Овдовев в 44 года, она посвятила свою дальнейшую жизнь семье младшего сына и больше замуж не выходила. Однако раза два она куда-то уезжала от нас. Помню, она появилась у нас в Непряхино, и я, соскучившаяся, полезла к ней на колени. Она охнула и сказала:

– Погоди, Люська. Глянь, какие у меня ляжки.
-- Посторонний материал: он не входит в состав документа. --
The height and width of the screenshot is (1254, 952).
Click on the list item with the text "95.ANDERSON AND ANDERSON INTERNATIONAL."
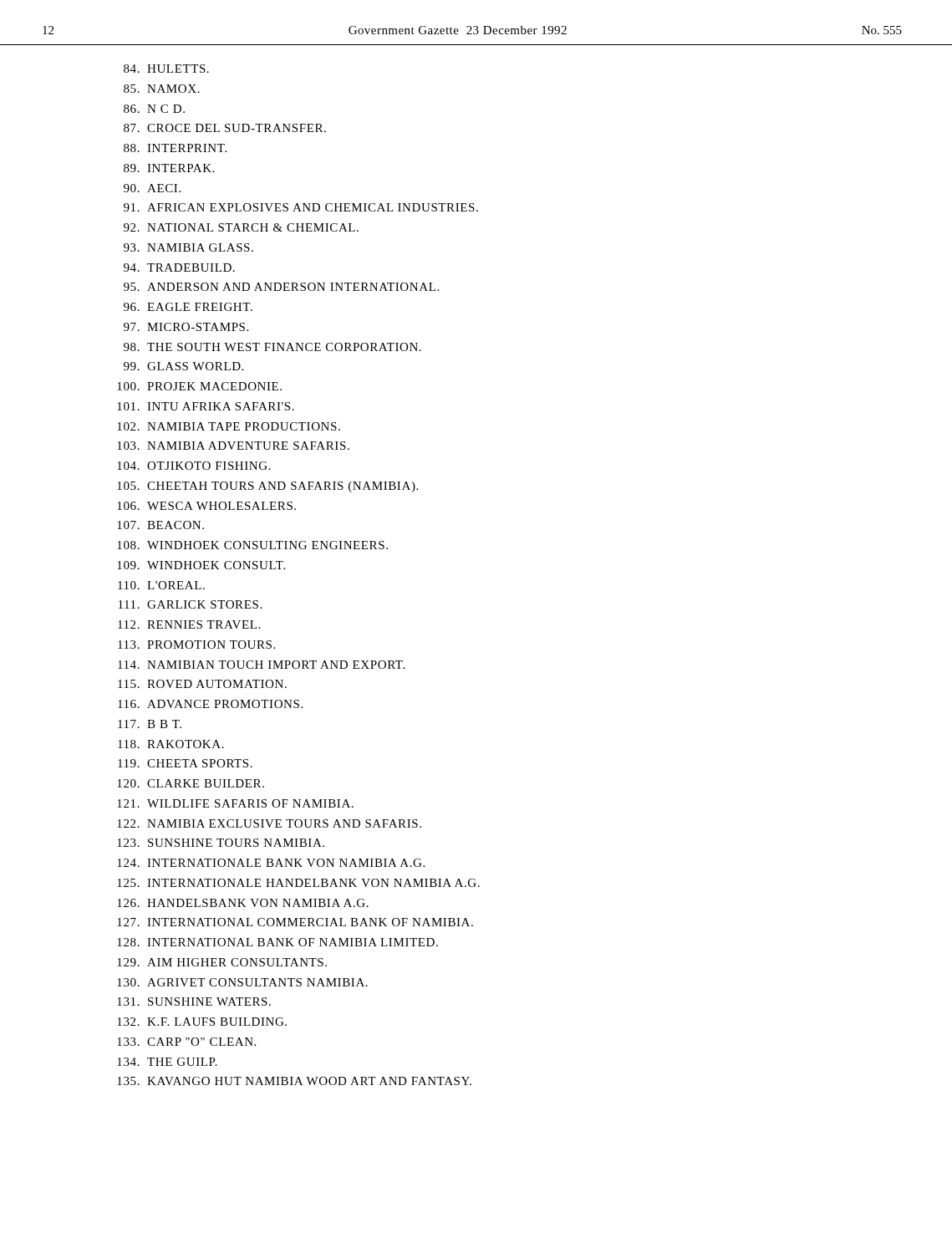tap(281, 287)
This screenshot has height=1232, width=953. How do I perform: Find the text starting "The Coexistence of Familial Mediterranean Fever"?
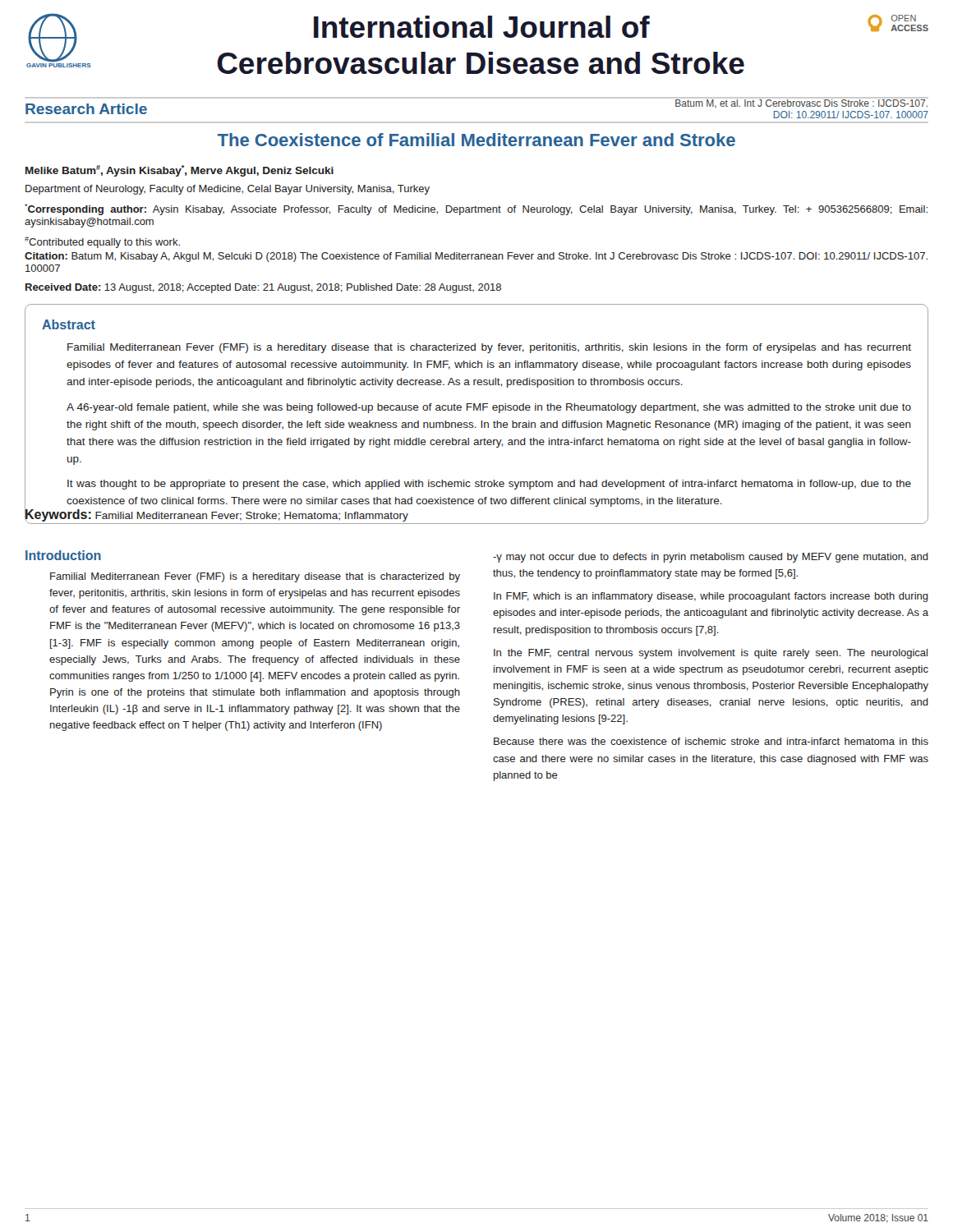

Подняла подол юбки, и я увидела багровые струпья вместо нормальной кожи на её бёдрах. И помню, что папка долго и сердито выговаривал своей матери, что она на полном ходу поезда спрыгнула вблизи станции Чебаркуль. Позднее я узнала все обстоятельства этой истории от неё самой:

– В 43-м годе Федька из армии пришёл, к нам в Непряхино приехал. Ранило его на войне, отлежался в госпитале и его начисто списали. Контуженый был – всего трясло, ложку до рта не мог донести. И нога не зажила. Ну и я с ним поехала проведать родню в Вознесенку. Таня и её ребята, Васька с Галькой, там жили. Ну, повидалась в Вознесенке со всеми, назад до Чебаркуля поехала с попутчицами, молодыми девками. Мы в Миассе было сели на поезд, едем, а нам говорят, что поезд в Чебаркуле не остановится и едет до Челябинска. Девки собрались прыгать, ну и я за ними. Прыгнула, меня и проташшыло по насыпи, хорошо хоть об столб головой не вдарило – он совсем близко от меня стоял. А то бы и хоронить вам пришлось меня. Ну а ляжки ободрала в кровь. Девки на станции фельшара нашли, он мне йодом ляжки намазал. Немного очухалась, да и – к вам.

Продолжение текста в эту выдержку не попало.